= Mona Lisa Yuchengco =

Mona Lisa Yuchengco is a Filipino-American community activist, publisher and filmmaker. She was born in Manila, Philippines and moved to San Francisco in 1982 with her two sons. Yuchengco graduated from Assumption College with degrees in Liberal Arts and Education and earned a master's degree in Business Administration from Ateneo University.

In 1992 Yuchengco founded Filipinas, a magazine specifically directed toward the Filipino American community. The magazine, in its prime, covered various topics such as the lack of compensation of Filipino Veterans in World War II, domestic violence and Filipino identity.
Yuchengco sold Filipinas in 2005 and it dropped its print version in 2010, existing solely online thereafter. In late 2012 Yuchengco started a new magazine, Positively Filipino, that was solely available on the internet. In 2014 Positively Filipino writers took six Plaridel Awards, boosting the magazine's status.

==Filmmaking career==
In 2012, Yuchengco produced and directed "Marilou Diaz-Abaya: Filmmaker on a Voyage". The film is a feature documentary film about Marilou Diaz-Abaya, Yuchengco's sister-in-law, who is considered one of the 20th Century's most renowned Filipino film directors. "Filmmaker on a Voyage" screened at the Center for Asian American Media's CAAMFest in 2013. Yuchengco also co-produced the multi-award-winning Right Footed, a feature documentary profile of Filipino-American pilot and disability activist Jessica Cox that was directed by Nick T. Spark. In addition to its long festival run, the film screened in 2016 as part of a fundraiser for Philippine International Aid.

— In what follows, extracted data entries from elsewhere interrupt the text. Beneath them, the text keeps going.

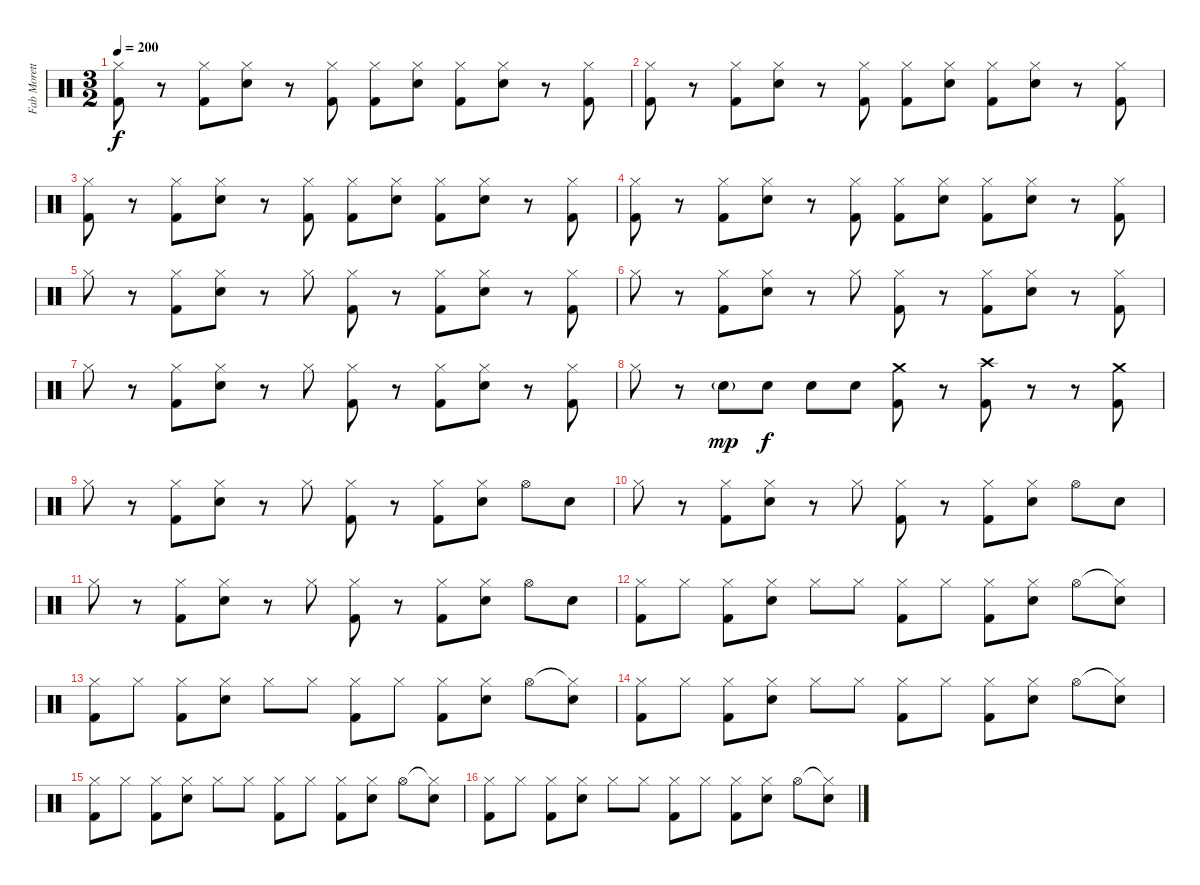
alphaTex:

\track ("Fab Moretti" "Fab Morett") {instrument percussion}
\staff {score}
\articulation defaults
\ts (3 2)
\tempo 200
\clef neutral
\ks c
("Hi-Hat (closed)" "Kick (hit) 2").8{dy f} r.8 ("Hi-Hat (closed)" "Kick (hit) 2").8 ("Hi-Hat (closed)" "Snare (hit) 2").8 r.8 ("Hi-Hat (closed)" "Kick (hit) 2").8 ("Hi-Hat (closed)" "Kick (hit) 2").8 ("Hi-Hat (closed)" "Snare (hit) 2").8 ("Hi-Hat (closed)" "Kick (hit) 2").8 ("Hi-Hat (closed)" "Snare (hit) 2").8 r.8 ("Hi-Hat (closed)" "Kick (hit) 2").8 |
("Hi-Hat (closed)" "Kick (hit) 2").8 r.8 ("Hi-Hat (closed)" "Kick (hit) 2").8 ("Hi-Hat (closed)" "Snare (hit) 2").8 r.8 ("Hi-Hat (closed)" "Kick (hit) 2").8 ("Hi-Hat (closed)" "Kick (hit) 2").8 ("Hi-Hat (closed)" "Snare (hit) 2").8 ("Hi-Hat (closed)" "Kick (hit) 2").8 ("Hi-Hat (closed)" "Snare (hit) 2").8 r.8 ("Hi-Hat (closed)" "Kick (hit) 2").8 |
("Hi-Hat (closed)" "Kick (hit) 2").8 r.8 ("Hi-Hat (closed)" "Kick (hit) 2").8 ("Hi-Hat (closed)" "Snare (hit) 2").8 r.8 ("Hi-Hat (closed)" "Kick (hit) 2").8 ("Hi-Hat (closed)" "Kick (hit) 2").8 ("Hi-Hat (closed)" "Snare (hit) 2").8 ("Hi-Hat (closed)" "Kick (hit) 2").8 ("Hi-Hat (closed)" "Snare (hit) 2").8 r.8 ("Hi-Hat (closed)" "Kick (hit) 2").8 |
("Hi-Hat (closed)" "Kick (hit) 2").8 r.8 ("Hi-Hat (closed)" "Kick (hit) 2").8 ("Hi-Hat (closed)" "Snare (hit) 2").8 r.8 ("Hi-Hat (closed)" "Kick (hit) 2").8 ("Hi-Hat (closed)" "Kick (hit) 2").8 ("Hi-Hat (closed)" "Snare (hit) 2").8 ("Hi-Hat (closed)" "Kick (hit) 2").8 ("Hi-Hat (closed)" "Snare (hit) 2").8 r.8 ("Hi-Hat (closed)" "Kick (hit) 2").8 |
"Hi-Hat (closed)".8 r.8 ("Hi-Hat (closed)" "Kick (hit) 2").8 ("Hi-Hat (closed)" "Snare (hit) 2").8 r.8 "Hi-Hat (closed)".8 ("Hi-Hat (closed)" "Kick (hit) 2").8 r.8 ("Hi-Hat (closed)" "Kick (hit) 2").8 ("Hi-Hat (closed)" "Snare (hit) 2").8 r.8 ("Hi-Hat (closed)" "Kick (hit) 2").8 |
"Hi-Hat (closed)".8 r.8 ("Hi-Hat (closed)" "Kick (hit) 2").8 ("Hi-Hat (closed)" "Snare (hit) 2").8 r.8 "Hi-Hat (closed)".8 ("Hi-Hat (closed)" "Kick (hit) 2").8 r.8 ("Hi-Hat (closed)" "Kick (hit) 2").8 ("Hi-Hat (closed)" "Snare (hit) 2").8 r.8 ("Hi-Hat (closed)" "Kick (hit) 2").8 |
"Hi-Hat (closed)".8 r.8 ("Hi-Hat (closed)" "Kick (hit) 2").8 ("Hi-Hat (closed)" "Snare (hit) 2").8 r.8 "Hi-Hat (closed)".8 ("Hi-Hat (closed)" "Kick (hit) 2").8 r.8 ("Hi-Hat (closed)" "Kick (hit) 2").8 ("Hi-Hat (closed)" "Snare (hit) 2").8 r.8 ("Hi-Hat (closed)" "Kick (hit) 2").8 |
"Hi-Hat (closed)".8 r.8 "Snare (hit) 2"{g}.8{dy mp} "Snare (hit) 2".8{dy f} "Snare (hit) 2".8 "Snare (hit) 2".8 ("Crash medium (hit)" "Kick (hit) 2").8 r.8 ("Crash high (hit)" "Kick (hit) 2").8 r.8 r.8 ("Crash medium (hit)" "Kick (hit) 2").8 |
"Hi-Hat (closed)".8 r.8 ("Hi-Hat (closed)" "Kick (hit) 2").8 ("Hi-Hat (closed)" "Snare (hit) 2").8 r.8 "Hi-Hat (closed)".8 ("Hi-Hat (closed)" "Kick (hit) 2").8 r.8 ("Hi-Hat (closed)" "Kick (hit) 2").8 ("Hi-Hat (closed)" "Snare (hit) 2").8 "Hi-Hat (open)".8 "Snare (hit) 2".8 |
"Hi-Hat (closed)".8 r.8 ("Hi-Hat (closed)" "Kick (hit) 2").8 ("Hi-Hat (closed)" "Snare (hit) 2").8 r.8 "Hi-Hat (closed)".8 ("Hi-Hat (closed)" "Kick (hit) 2").8 r.8 ("Hi-Hat (closed)" "Kick (hit) 2").8 ("Hi-Hat (closed)" "Snare (hit) 2").8 "Hi-Hat (open)".8 "Snare (hit) 2".8 |
"Hi-Hat (closed)".8 r.8 ("Hi-Hat (closed)" "Kick (hit) 2").8 ("Hi-Hat (closed)" "Snare (hit) 2").8 r.8 "Hi-Hat (closed)".8 ("Hi-Hat (closed)" "Kick (hit) 2").8 r.8 ("Hi-Hat (closed)" "Kick (hit) 2").8 ("Hi-Hat (closed)" "Snare (hit) 2").8 "Hi-Hat (open)".8 "Snare (hit) 2".8 |
("Hi-Hat (closed)" "Kick (hit) 2").8 "Hi-Hat (closed)".8 ("Hi-Hat (closed)" "Kick (hit) 2").8 ("Hi-Hat (closed)" "Snare (hit) 2").8 "Hi-Hat (closed)".8 "Hi-Hat (closed)".8 ("Hi-Hat (closed)" "Kick (hit) 2").8 "Hi-Hat (closed)".8 ("Hi-Hat (closed)" "Kick (hit) 2").8 ("Hi-Hat (closed)" "Snare (hit) 2").8 "Hi-Hat (open)".8 ("Hi-Hat (closed)"{t} "Snare (hit) 2").8 |
("Hi-Hat (closed)" "Kick (hit) 2").8 "Hi-Hat (closed)".8 ("Hi-Hat (closed)" "Kick (hit) 2").8 ("Hi-Hat (closed)" "Snare (hit) 2").8 "Hi-Hat (closed)".8 "Hi-Hat (closed)".8 ("Hi-Hat (closed)" "Kick (hit) 2").8 "Hi-Hat (closed)".8 ("Hi-Hat (closed)" "Kick (hit) 2").8 ("Hi-Hat (closed)" "Snare (hit) 2").8 "Hi-Hat (open)".8 ("Hi-Hat (closed)"{t} "Snare (hit) 2").8 |
("Hi-Hat (closed)" "Kick (hit) 2").8 "Hi-Hat (closed)".8 ("Hi-Hat (closed)" "Kick (hit) 2").8 ("Hi-Hat (closed)" "Snare (hit) 2").8 "Hi-Hat (closed)".8 "Hi-Hat (closed)".8 ("Hi-Hat (closed)" "Kick (hit) 2").8 "Hi-Hat (closed)".8 ("Hi-Hat (closed)" "Kick (hit) 2").8 ("Hi-Hat (closed)" "Snare (hit) 2").8 "Hi-Hat (open)".8 ("Hi-Hat (closed)"{t} "Snare (hit) 2").8 |
("Hi-Hat (closed)" "Kick (hit) 2").8 "Hi-Hat (closed)".8 ("Hi-Hat (closed)" "Kick (hit) 2").8 ("Hi-Hat (closed)" "Snare (hit) 2").8 "Hi-Hat (closed)".8 "Hi-Hat (closed)".8 ("Hi-Hat (closed)" "Kick (hit) 2").8 "Hi-Hat (closed)".8 ("Hi-Hat (closed)" "Kick (hit) 2").8 ("Hi-Hat (closed)" "Snare (hit) 2").8 "Hi-Hat (open)".8 ("Hi-Hat (closed)"{t} "Snare (hit) 2").8 |
("Hi-Hat (closed)" "Kick (hit) 2").8 "Hi-Hat (closed)".8 ("Hi-Hat (closed)" "Kick (hit) 2").8 ("Hi-Hat (closed)" "Snare (hit) 2").8 "Hi-Hat (closed)".8 "Hi-Hat (closed)".8 ("Hi-Hat (closed)" "Kick (hit) 2").8 "Hi-Hat (closed)".8 ("Hi-Hat (closed)" "Kick (hit) 2").8 ("Hi-Hat (closed)" "Snare (hit) 2").8 "Hi-Hat (open)".8 ("Hi-Hat (closed)"{t} "Snare (hit) 2").8

==Community service and awards==
Yuchengco has been involved in various charities and organizations relating to Asian American interests. In 1986 she founded Philippine International Aid, which she chairs. Among other awards, she was awarded the President's citation by Philippine President Gloria Arroyo December 12, 2002, for her contributions to the Filipino community in the United States.

==Personal life==
Yuchengco is married to Lloyd LaCuesta and has two sons and several grandchildren. She is the daughter of Alfonso Yuchengco.